• _Collected data_:
--------------------------------
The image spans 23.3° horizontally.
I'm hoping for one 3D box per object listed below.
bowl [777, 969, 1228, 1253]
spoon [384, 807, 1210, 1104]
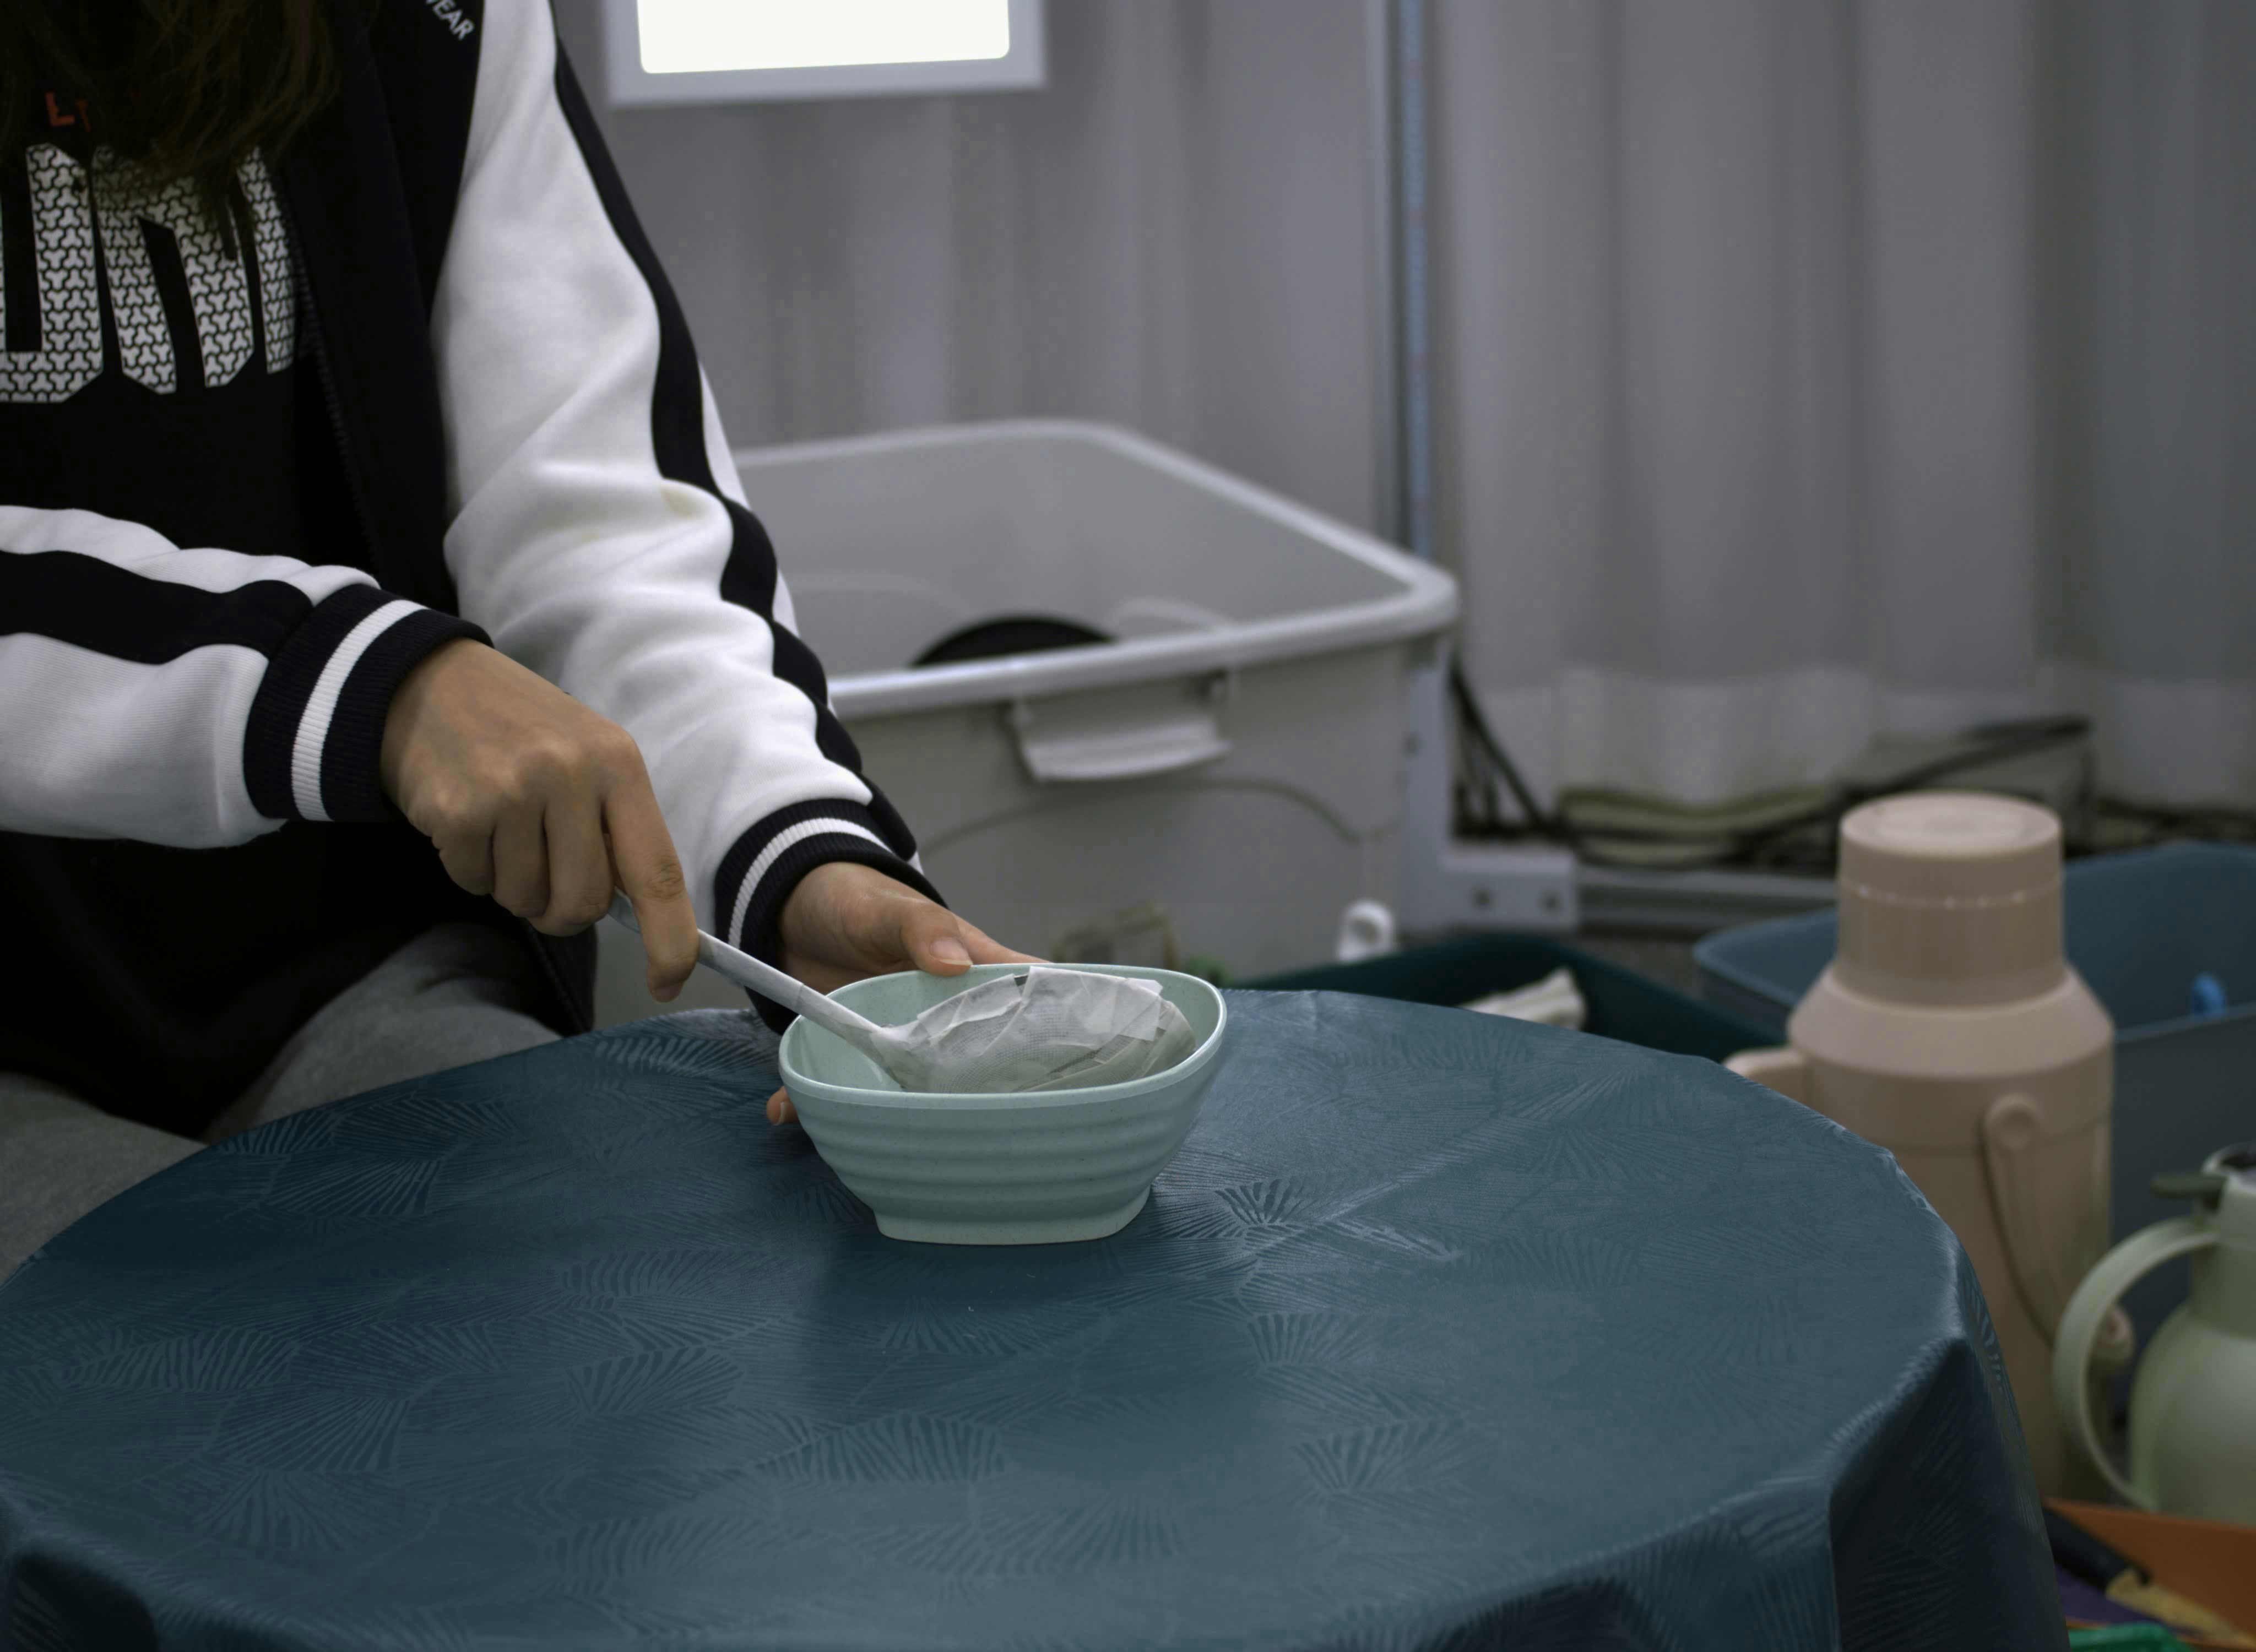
[{"bbox_3d":[-0.038,0.092,1.705,0.151,0.058,0.152,-2,15,0],"label":"bowl"},{"bbox_3d":[-0.107,0.038,1.743,0.278,0.099,0.060,24,50,19],"label":"spoon"}]
--------------------------------
• _EXERCISE DETAILS_:
Restate the entries above word for word, keeping pictures out of the copy.

• _SOLUTION TO THIS TASK_:
The image spans 23.3° horizontally.
I'm hoping for one 3D box per object listed below.
bowl [777, 969, 1228, 1253]
spoon [384, 807, 1210, 1104]
[{"bbox_3d":[-0.038,0.092,1.705,0.151,0.058,0.152,-2,15,0],"label":"bowl"},{"bbox_3d":[-0.107,0.038,1.743,0.278,0.099,0.060,24,50,19],"label":"spoon"}]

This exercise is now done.